Crude prices have rebounded in recent weeks after hitting historic lows last month but remain far below the budgetary needs of OPEC’s oil-dependent economies.

OPEC+ ministers are scheduled to meet again June 10 via webinar to assess the market, review quota compliance and decide on next steps. As written, the deal’s prescribed cuts will ease in the second half of 2020, and again in 2021 before expiring in April 2022.
Flood from the Gulf

Analysts are expecting Saudi Arabia and its Gulf allies the UAE and Kuwait to lead by example and make good on their production quotas, as they have in the past three-plus years of OPEC+ supply accords, despite their April output surges.

OPEC kingpin Saudi Arabia, which had pledged to max out its production capacity of more than 12 million b/d to demonstrate its market strength, averaged a record-high 11.70 million b/d for the month, according to the Platts survey.

The kingdom appeared to dial back its output in the back half of April as prices crashed and it struggled to find buyers for its crude, market sources said. Its quota under the new deal is 8.49 million b/d, a level it hasn’t produced below since January 2011, except for a month in September 2019 after a missile attack on its critical Abqaiq crude processing facility, according to survey archives.

The UAE pumped an unprecedented 3.84 million b/d, its exports rising even with the return of its Ruwais refinery from maintenance, the survey found. It will have to rein in its production to 2.45 million b/d to comply with its new cap.

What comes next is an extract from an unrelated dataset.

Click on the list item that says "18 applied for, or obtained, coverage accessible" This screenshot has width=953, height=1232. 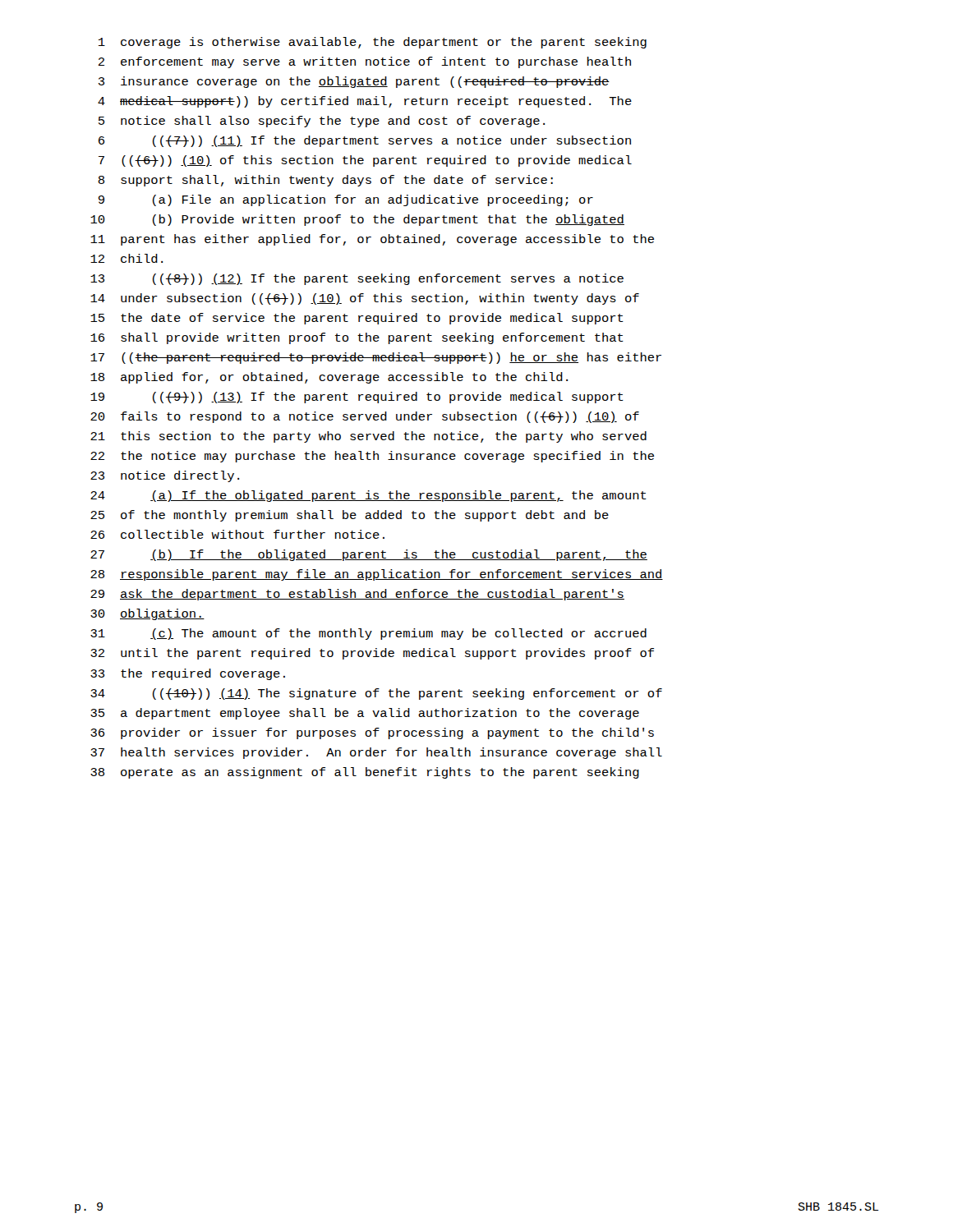coord(476,378)
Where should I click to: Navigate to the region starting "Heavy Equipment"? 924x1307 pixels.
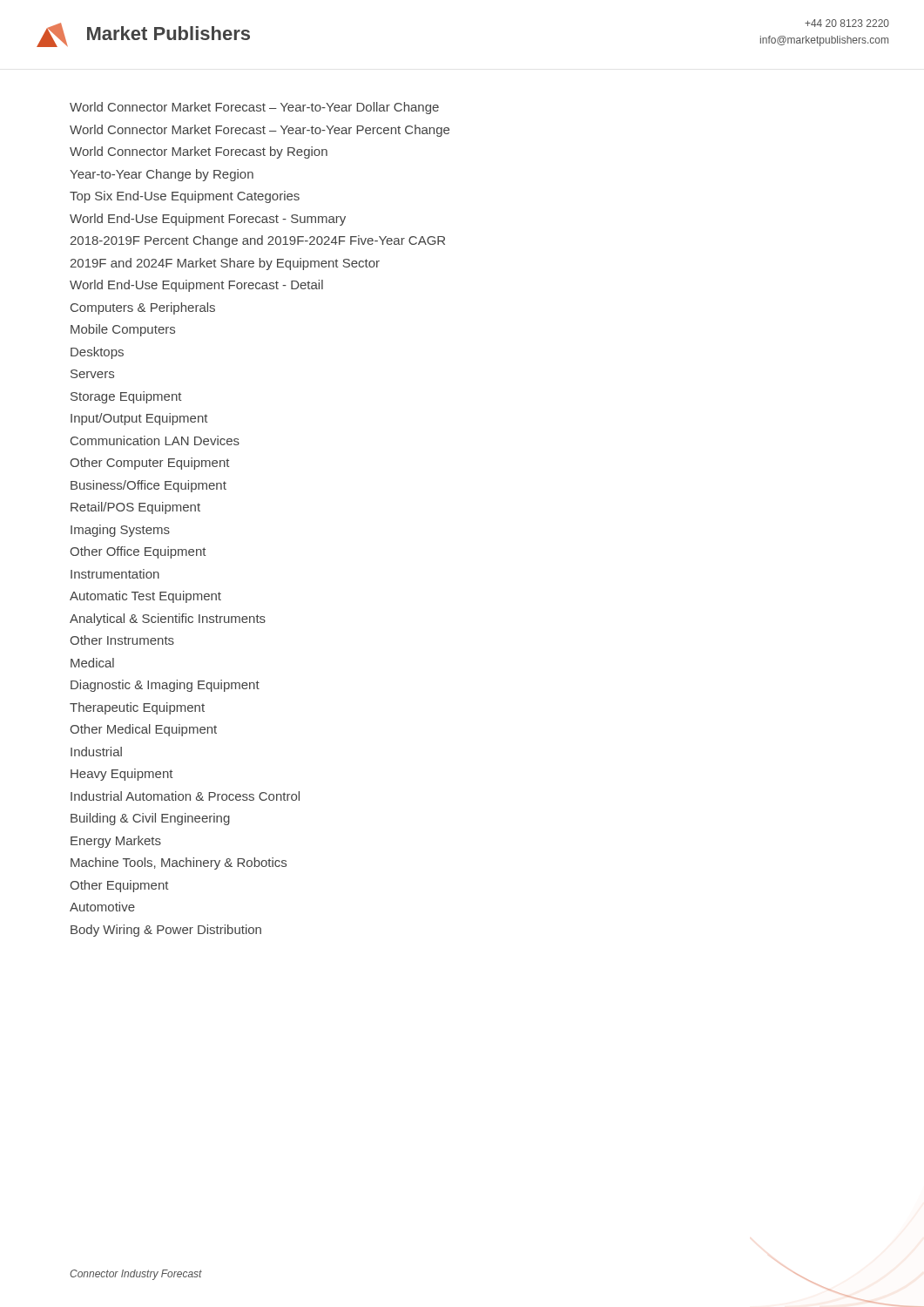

Kuwait hit a record 3.15 million b/d, boosted by the return of production from the Neutral Zone it shares with Saudi Arabia and increased output from its northern heavy oil fields, according to the survey. Its new quota is 2.17 million b/d.

The Gulf countries were the only three OPEC members to gain production in the month.
Iraqi compliance challenge

Iraq, OPEC’s second largest producer, took the biggest hit, losing 110,000 b/d as low fuel demand and a lack of product storage space forced its refineries to severely lower crude runs.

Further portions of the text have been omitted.